Still in great shape despite the millage and use - Yamaha FG-421

Still in great shape despite the millage and use – Yamaha FG-421

Tom Lee was the first mega-store for music I had ever been in. The acoustic guitar section alone had its own floor and comprised about 3000 square feet of retail space. They had about 1000 instruments in stock and I spent two days playing through them all, trying to find a diamond in the rough so to speak. I knew I needed something well made that sounded good and played good, but would also be able to withstand the trials and tribulations of backpacking around the world. Most likely that was going to be a Yamaha guitar; I just needed to find the best one in the mid level price range (if I remember correctly was around 450 Singapore dollars) that I could afford. I had more money I could have spent – that same car accident that helped crush my music dreams did afford me some money to travel on, but I had to consider that if I lost a $450 guitar (which was very likely to happen given the travel I was doing) I would absorb the blow much better than if I lost a $1000 guitar.

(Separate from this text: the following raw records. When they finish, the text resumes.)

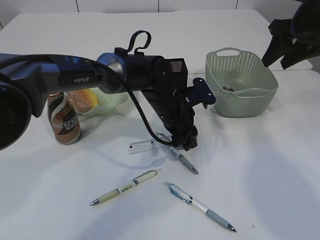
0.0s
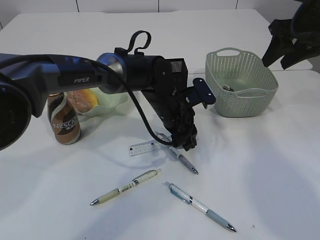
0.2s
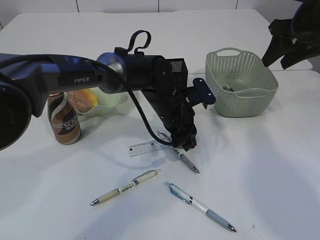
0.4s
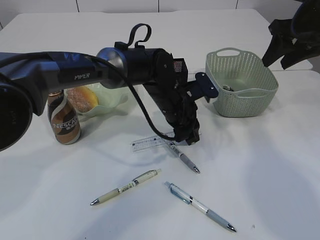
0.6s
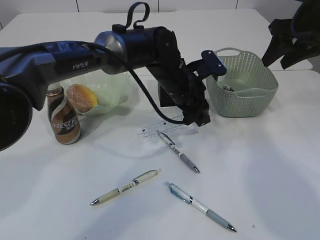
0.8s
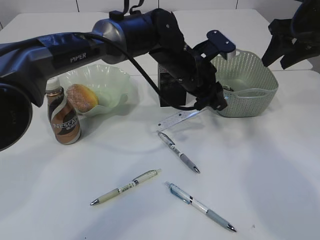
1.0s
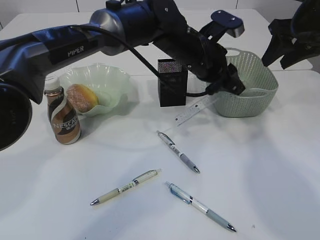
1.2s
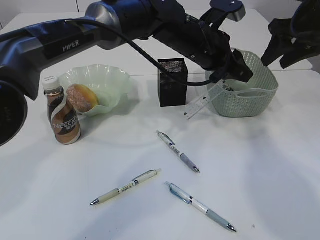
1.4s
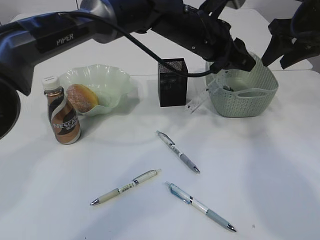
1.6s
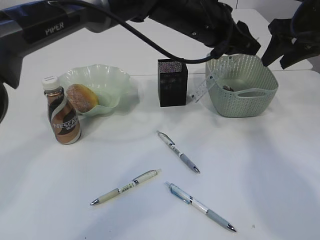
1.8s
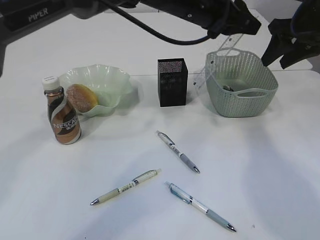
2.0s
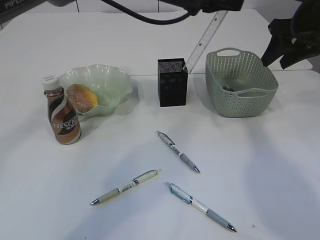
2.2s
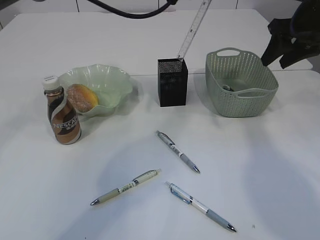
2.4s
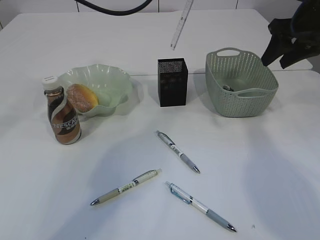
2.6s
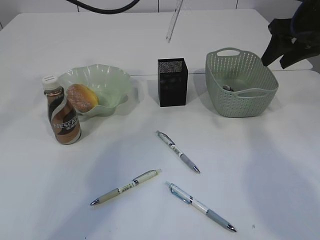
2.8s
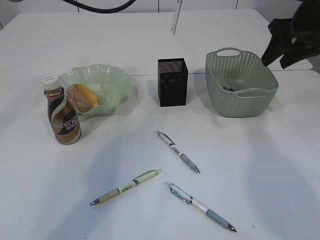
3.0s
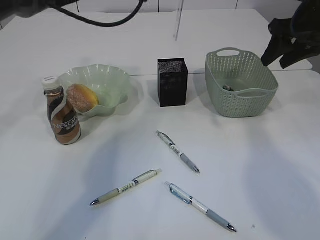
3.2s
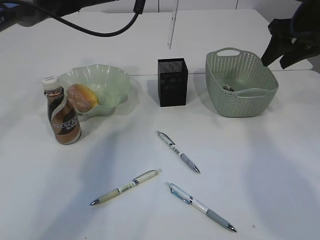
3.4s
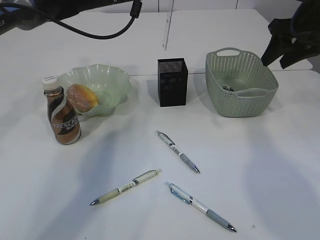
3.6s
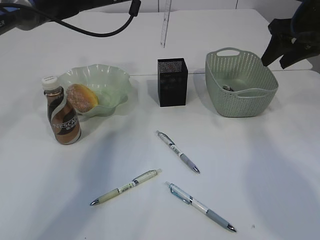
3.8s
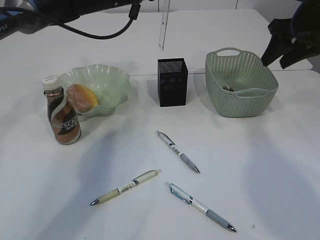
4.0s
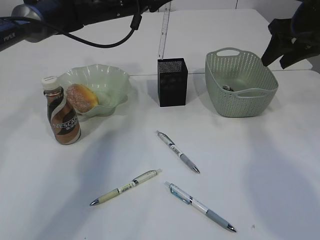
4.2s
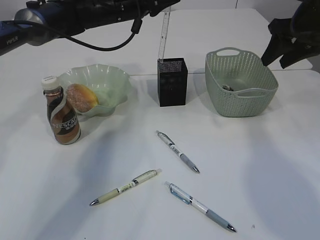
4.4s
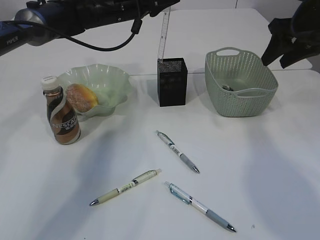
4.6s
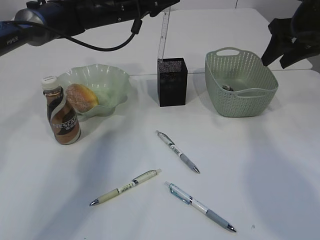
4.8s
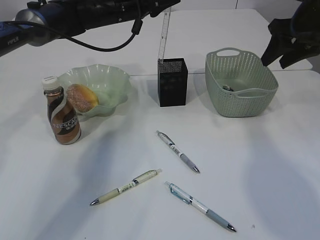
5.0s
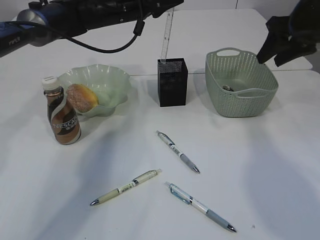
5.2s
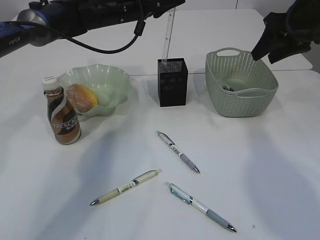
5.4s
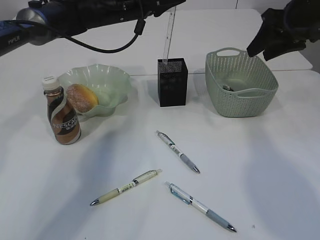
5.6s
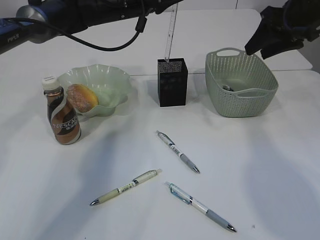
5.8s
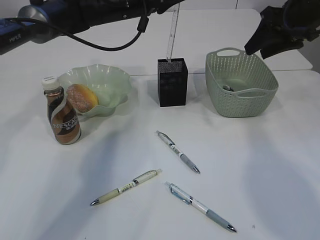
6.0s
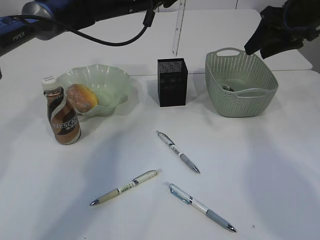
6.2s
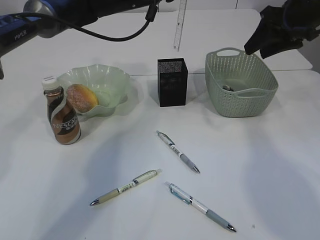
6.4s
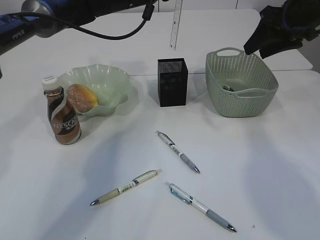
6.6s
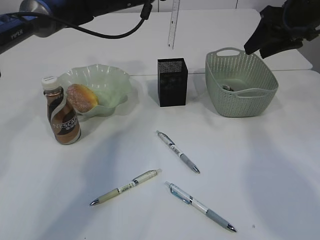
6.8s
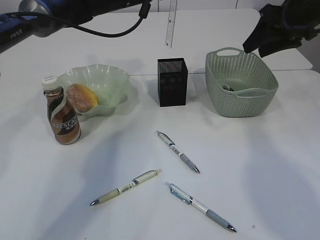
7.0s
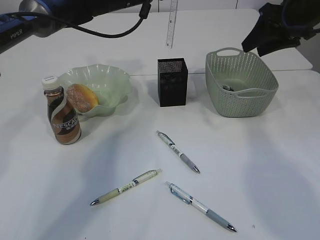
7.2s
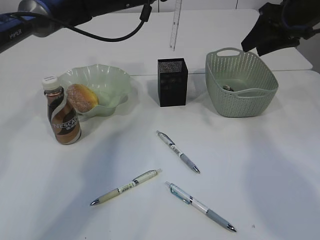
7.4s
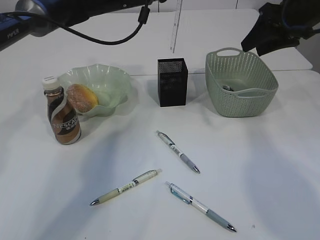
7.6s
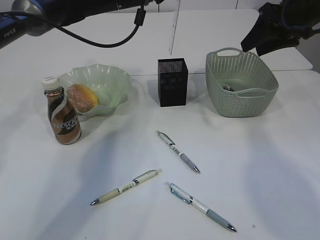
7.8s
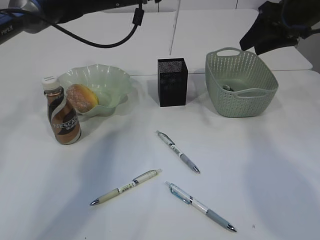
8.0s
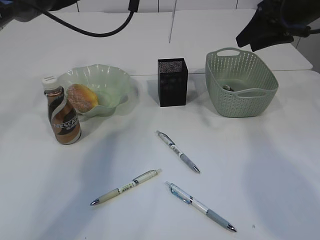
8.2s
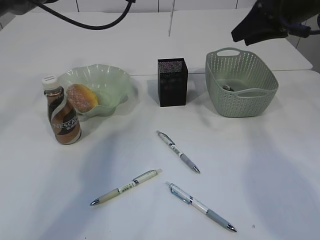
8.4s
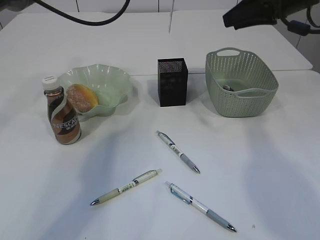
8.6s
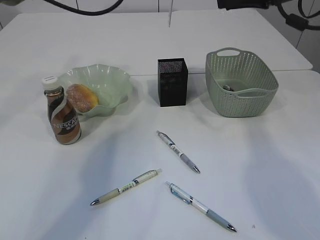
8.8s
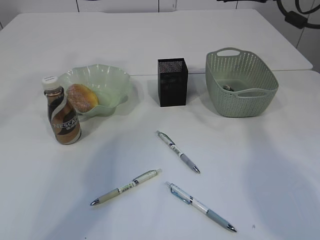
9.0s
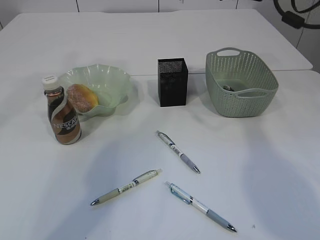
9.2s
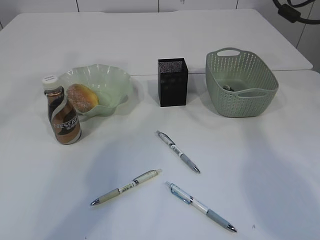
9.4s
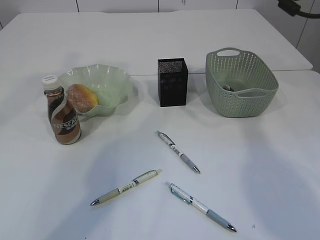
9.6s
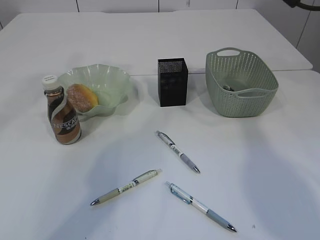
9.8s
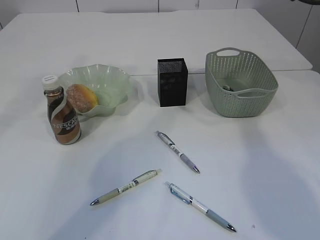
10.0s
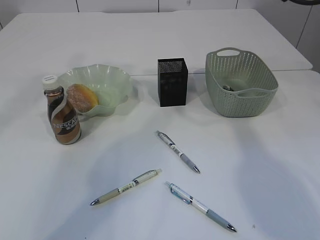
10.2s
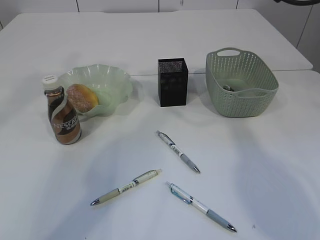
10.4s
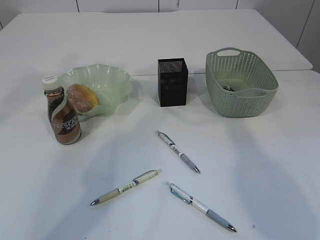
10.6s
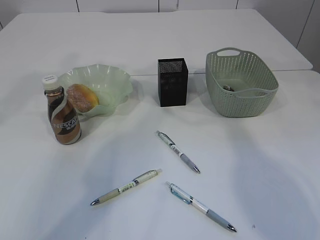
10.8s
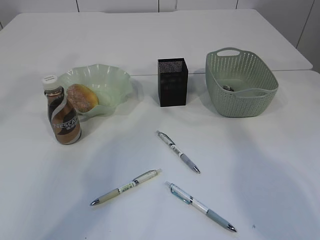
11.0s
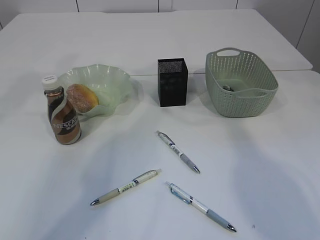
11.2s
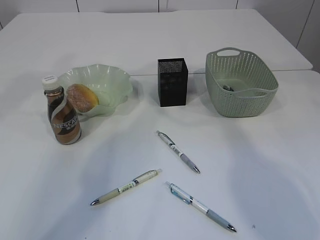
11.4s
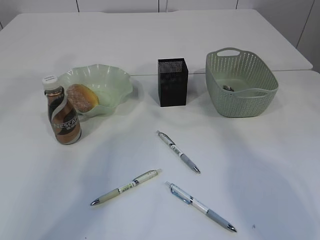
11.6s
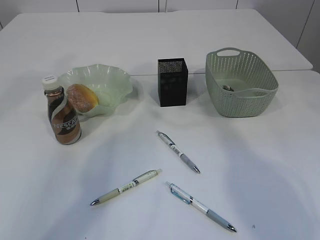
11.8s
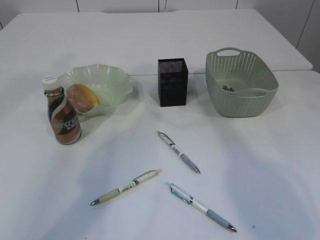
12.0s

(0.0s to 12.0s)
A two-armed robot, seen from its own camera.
0.0s - 1.6s: The left gripper travels upward by about 15 cm.
1.6s - 3.0s: The left gripper travels to the left, upward and forward by about 15 cm.
3.0s - 4.4s: The left gripper goes about 10 cm downward and forward.
4.4s - 7.6s: The grippers move only a little.
7.6s - 9.0s: The left gripper shifts about 10 cm upward. Meanwhile the right gripper ends up about 5 cm from where it was.
9.0s - 10.4s: The right gripper ends up some 5 cm from where it was.

What I purchased was a brand new, first production Yamaha FG 421. It was all laminate construction so no solid top, but it looked nice, had a few small extras  (like white binding around the top and the fingerboard) and it played exceptionally well for what it was. It was perfectly intonated (another big plus) had a nice action, and sounded fantastic with no dead notes or fret issues. In fact it sounded better than many of the guitars that were twice its price. So I picked it up and it became my travel guitar and really almost the only guitar I played for the next 20 years.

lake_toba_1

The author playing his Yamaha FG-421 on a veranda overlooking Lake Toba on the island of Sumatra, Indonesia circa 1995 trying very hard to emote.

This is the guitar I played for all the acoustic guitar parts on the Original Stairway Project. It’s been around the world 3 or 4 times; seen the Himalaya; been down the Ganges; been up the Thames; been held and played by innumerable people from cultures all the world over and if I lost it today I’d be crushed.

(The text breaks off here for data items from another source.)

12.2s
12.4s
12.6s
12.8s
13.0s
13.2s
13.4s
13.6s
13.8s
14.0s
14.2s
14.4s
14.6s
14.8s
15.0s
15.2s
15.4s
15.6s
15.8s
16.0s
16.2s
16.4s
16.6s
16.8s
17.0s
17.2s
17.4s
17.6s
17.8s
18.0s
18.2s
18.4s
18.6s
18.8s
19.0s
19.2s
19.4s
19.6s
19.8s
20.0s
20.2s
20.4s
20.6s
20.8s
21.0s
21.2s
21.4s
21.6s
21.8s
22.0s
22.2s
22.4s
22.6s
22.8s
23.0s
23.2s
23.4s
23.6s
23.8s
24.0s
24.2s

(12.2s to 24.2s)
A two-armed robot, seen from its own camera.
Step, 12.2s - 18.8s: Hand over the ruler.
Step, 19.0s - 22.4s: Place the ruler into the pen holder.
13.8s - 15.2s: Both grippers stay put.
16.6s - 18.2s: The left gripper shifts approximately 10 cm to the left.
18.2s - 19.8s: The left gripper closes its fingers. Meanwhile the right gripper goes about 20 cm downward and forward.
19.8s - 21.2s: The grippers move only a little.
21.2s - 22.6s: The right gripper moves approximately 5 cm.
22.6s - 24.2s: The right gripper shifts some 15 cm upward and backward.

What I think makes this guitar important enough to write about and what made it up to the task of being the guitar that I used on the Original Stairway Project was that it’s just a simple guitar. It doesn’t have an amazing soundboard or any tonal magic that you can only achieve by spending enormous sums of money on artisan or heritage quality instruments. It’s a player. Its mojo has been accrued through the act of by being picked up and played, and passed around and played, by countless people all over the world that I’ve shared this instrument with. The common theme that united all those experiences was the joy and love in the desire to create and share music together. How could I have used any other guitar for Stairway?